Transferring memories from one living thing to another sounds like the plot of an episode of “Black Mirror.” But it may be more realistic than it sounds — at least for snails.
In a paper published Monday in the journal eNeuro, scientists at the University of California-Los Angeles reported that when they transferred molecules from the brain cells of trained snails to untrained snails, the animals behaved as if they remembered the trained snails’ experiences.
David Glanzman, a professor of neurobiology at U.C.L.A. who is an author of the new paper, has been studying Aplysia californica, a sea snail, and its ability to make long-term memories for years. The snails, which are about five inches long, are a useful organism for studying how memories are formed because their neurons are large and relatively easy to work with.
In experiments by Dr. Glanzman and colleagues, when these snails get a little electric shock, they briefly retract their frilly siphons, which they use for expelling waste. A snail that has been shocked before, however, retracts its siphon for much longer than a new snail recruit.
Recently, the scientists realized that even when they interfered with their trained snails’ brain cells in a way that should have removed the memory completely, some vestige remained. They decided to see whether something beyond the brain cells’ connections to each other — namely, RNA — could be hanging on to the memory.
You might remember RNA from high school biology: It is best known for ferrying messages between the genome and the rest of the cell. But scientists have gradually realized that there is more to RNA than playing messenger.

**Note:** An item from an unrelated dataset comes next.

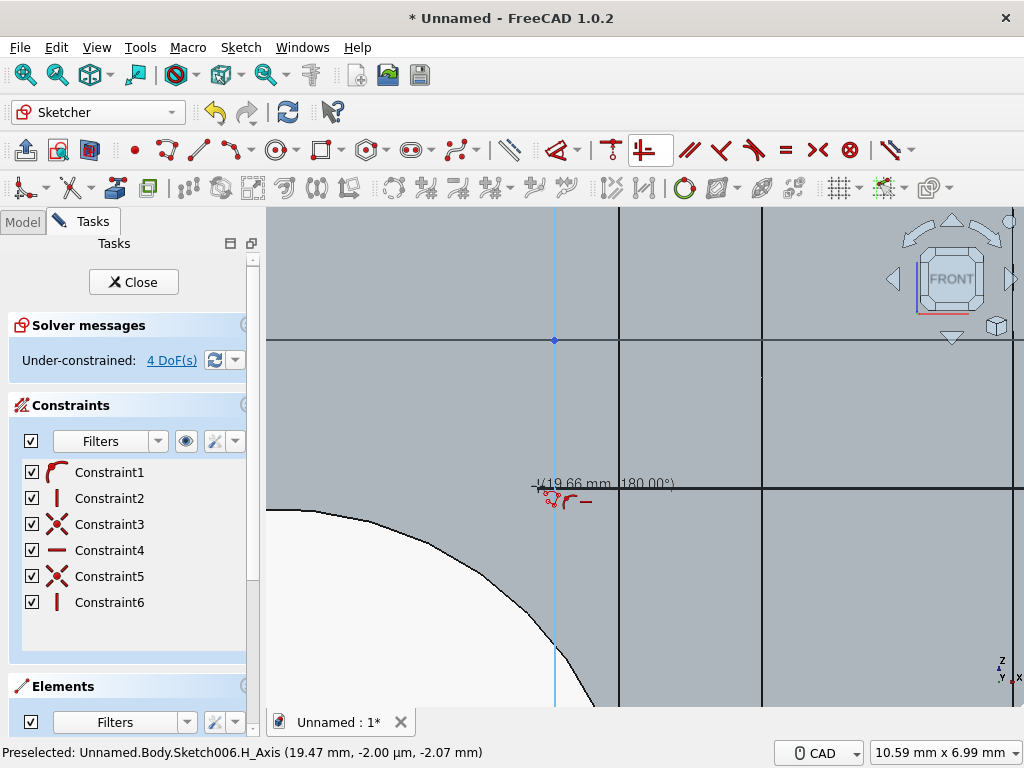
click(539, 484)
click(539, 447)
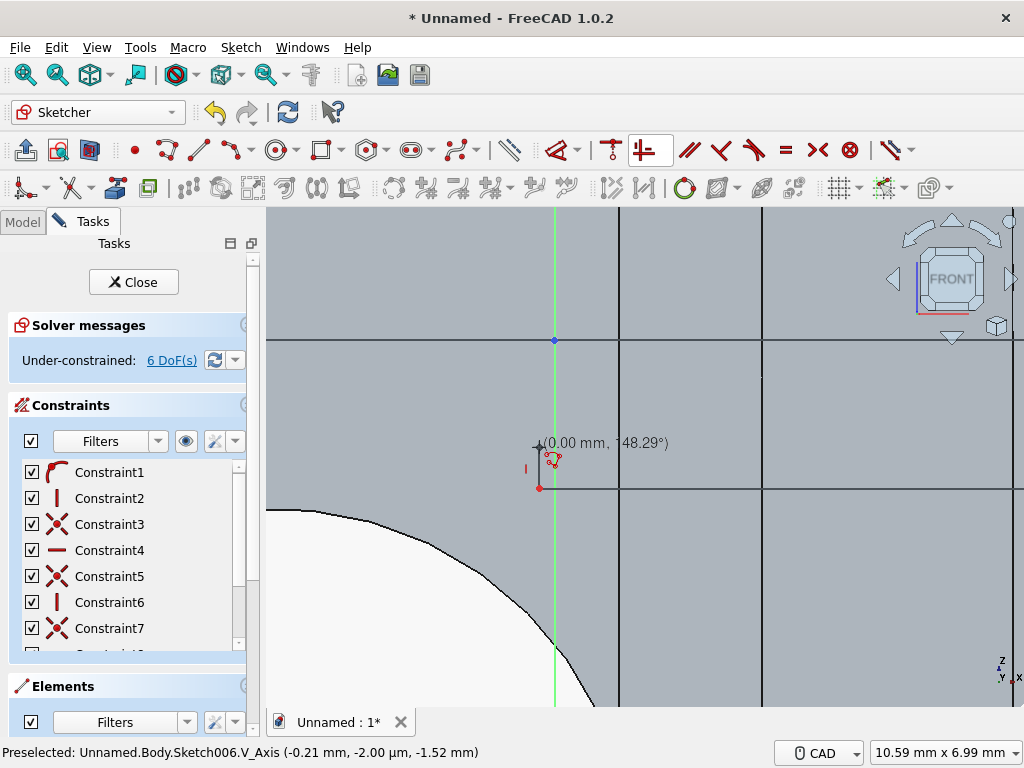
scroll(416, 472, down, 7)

There are some kinds of RNA that, instead of carrying messages, help switch genes on and off. They have been shown to be involved in long-term memory in snails, mice and rats, through their ability to influence chemical tags on DNA. These tags in turn influence whether a gene will be turned on in an organism.
To understand what was happening in their snails, the researchers first extracted all the RNA from the brain cells of trained snails, and injected it into new snails. To their surprise, the new snails kept their siphons wrapped up much longer after a shock, almost as if they’d been trained.
Next, the researchers took the brain cells of trained snails and untrained snails and grew them in the lab. They bathed the untrained neurons in RNA from trained cells, then gave them a shock, and saw that they fired in the same way that trained neurons do. The memory of the trained cells appeared to have been transferred to the untrained ones.
Importantly, when the researchers gave the new snails a drug that keeps chemical tags from being added to DNA, the memory did not transfer. That is in line with other experiments that have suggested that blocking the formation of such tags blocks the formation of long-term memory in snails and some rodents, said Dr. Glanzman. That suggests that what they are seeing is in fact related to memory, and not something else to do with the influx of new RNA.
Earlier reporting on memory research
The research has echoes of studies from the 1960s involving flatworms. Back then, scientists indulged in a little vicarious cannibalism: They chopped up flatworms trained to respond to light, then fed the remains to other flatworms, to see whether the dead flatworms’ memories would transfer. Oddly enough, it looked like they did. But the results were difficult to replicate. The field moved on.
Dr. Glanzman said that this is the first study since the flatworm work to propose that memories can be transferred in such a way. “It feels like I’m way out on a limb, frankly,” he said.
The team’s findings are a long way still from being applied to people and how our memories form. But Dr. Glanzman hopes others will try to replicate the experiments in other animals, potentially opening the door one day to understanding how RNA and genetic tags on DNA could be involved in memory.